The conceptualisation of GA in current form is generally attributed to Holland, 1975. However, particularly in the last ten years, substantial research effort has been applied to the investigation and development of genetic algorithms. Goldberg, 1989 gives an excellent introductory discussion on GA, as well as some more advanced topics.

Genetic algorithms are a probabilistic search approach which are founded on the ideas of evolutionary processes. The GA procedure is based on the Darwinian principle of survival of the fittest. An initial population is created containing a predefined number of individuals (or solutions), each represented by a genetic string (incorporating the variable information). Each individual has an associated fitness measure, typically representing an objective value. The concept that fittest (or best) individuals in a population will produce fitter offspring is then implemented in order to reproduce the next population. Selected individuals are chosen for reproduction (or crossover) at each generation, with an appropriate mutation factor to randomly modify the genes of an individual, in order to develop the new population. The result is another set of individuals based on the original subjects leading to subsequent populations with better (min. or max.) individual fitness. Therefore, the algorithm identifies the individuals with the optimising fitness values, and those with lower fitness will naturally get discarded from the population.

Ultimately this search procedure finds a set of variables that optimises the fitness of an individual and/or of the whole population. As a result, the GA technique has advantages over traditional non-linear solution techniques that cannot always achieve an optimal solution. A simplified comparison of the GA and the traditional solution techniques is illustrated in Figure 1. Non-linear programming solvers generally use some form of gradient search technique to move along the steepest gradient until the highest point (maximisation) is reached. In the case of linear programming, a global optimum will always be attained (). However, non-linear programming models may be subject to problems of convergence to local optima, or in some cases, may be unable to find a feasible solution. This largely depends on the starting point of the solver. A starting point outside the feasible region may result in no feasible solution being found, even though feasible solutions may exist. Other starting points may lead to an optimal solution, but it is not possible to determine if it is a local or global optimum. Hence, the modeller can never be sure that the optimal solution produced using the model is the “true” optimum.

Figure 1(a/b). Comparison of gradient search technique and genetic algorithm approach.
Click above to download the images

For the genetic algorithm, the population encompasses a range of possible outcomes. Solutions are identified purely on a fitness level, and therefore local optima are not distinguished from other equally fit individuals. Those solutions closer to the global optimum will thus have higher fitness values. Successive generations improve the fitness of individuals in the population until the optimisation convergence criterion is met. Due to this probabilistic nature GA tends to the global optimum, however for the same reasons GA models cannot guarantee finding the optimal solution.
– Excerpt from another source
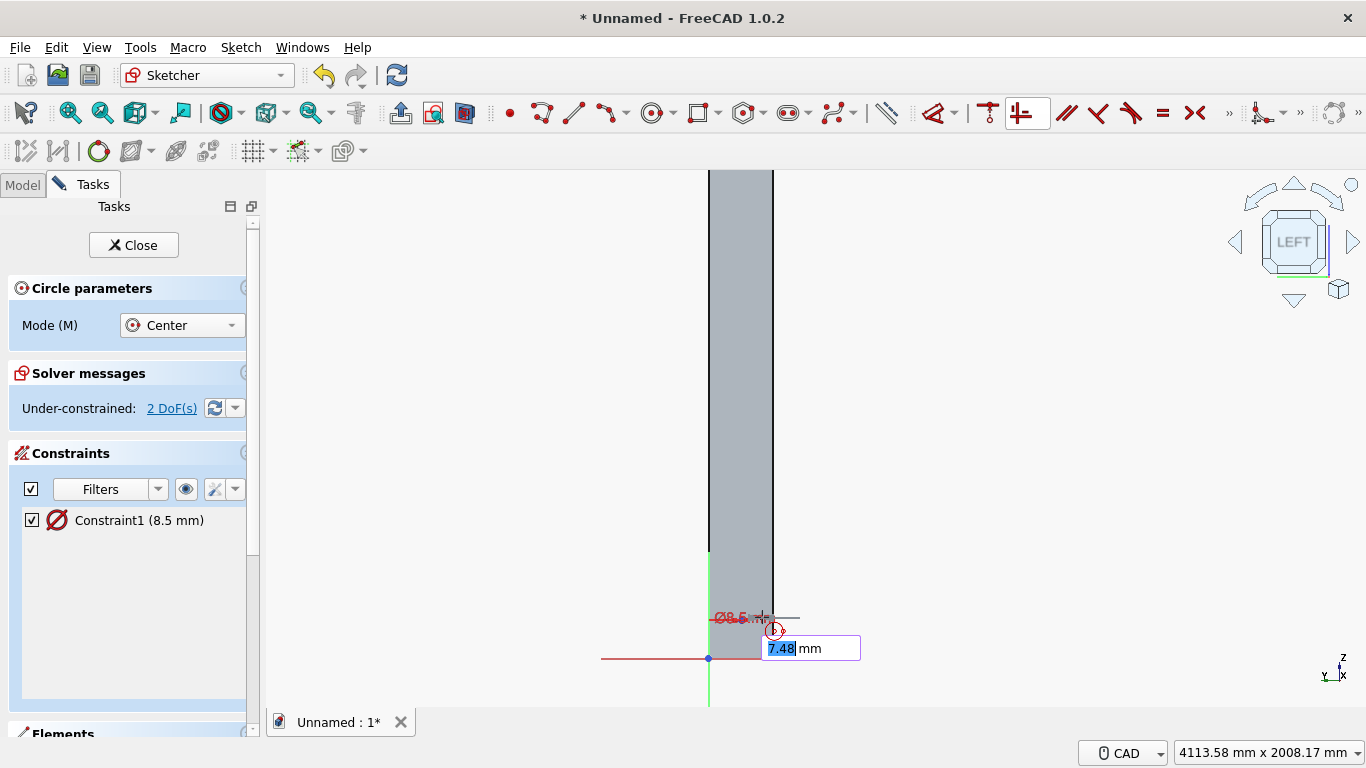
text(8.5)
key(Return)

The GA consists of four main stages: evaluation, selection, crossover and mutation. The evaluation procedure measures the fitness of each individual solution in the population and assigns it a relative value based on the defining optimisation (or search) criteria. Typically in a non-linear programming scenario, this measure will reflect the objective value of the given model. The selection procedure randomly selects individuals of the current population for development of the next generation. Various alternative methods(²) have been proposed but all follow the idea that the fittest have a greater chance of survival. The crossover procedure takes two selected individuals and combines them about a crossover point thereby creating two new individuals. Simple (asexual) reproduction can also occur which replicates a single individual into the new population. The mutation procedure randomly modifies the genes of an individual subject to a small mutation factor, introducing further randomness into the population.
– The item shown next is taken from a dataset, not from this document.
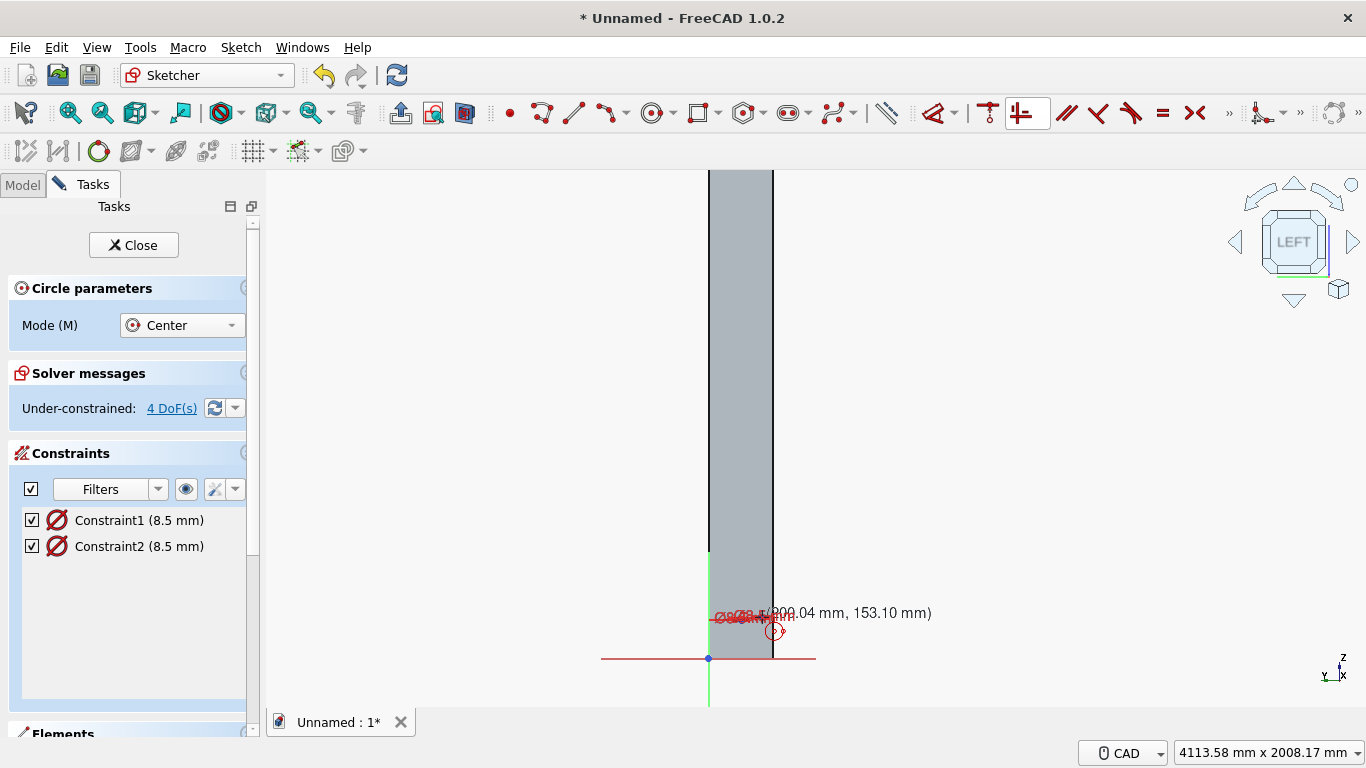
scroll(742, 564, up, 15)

This iterative process continues until one of the possible termination criteria is met: if a known optimal or acceptable solution level is attained; or if a maximum number of generations have been performed; or if a given number of generations without fitness improvement occur. Generally, the last of these criteria applies as convergence slows to the optimal solution.

Population size selection is probably the most important parameter, reflecting the size and complexity of the problem. However, the trade-off between extra computational effort with respect to increased population size is a problem specific decision to be ascertained by the modeller, as doubling the population size will approximately double the solution time for the same number of generations. Other parameters include the maximum number of generations to be performed, a crossover probability, a mutation probability, a selection method and possibly an elitist strategy, where the best is retained in the next generation’s population.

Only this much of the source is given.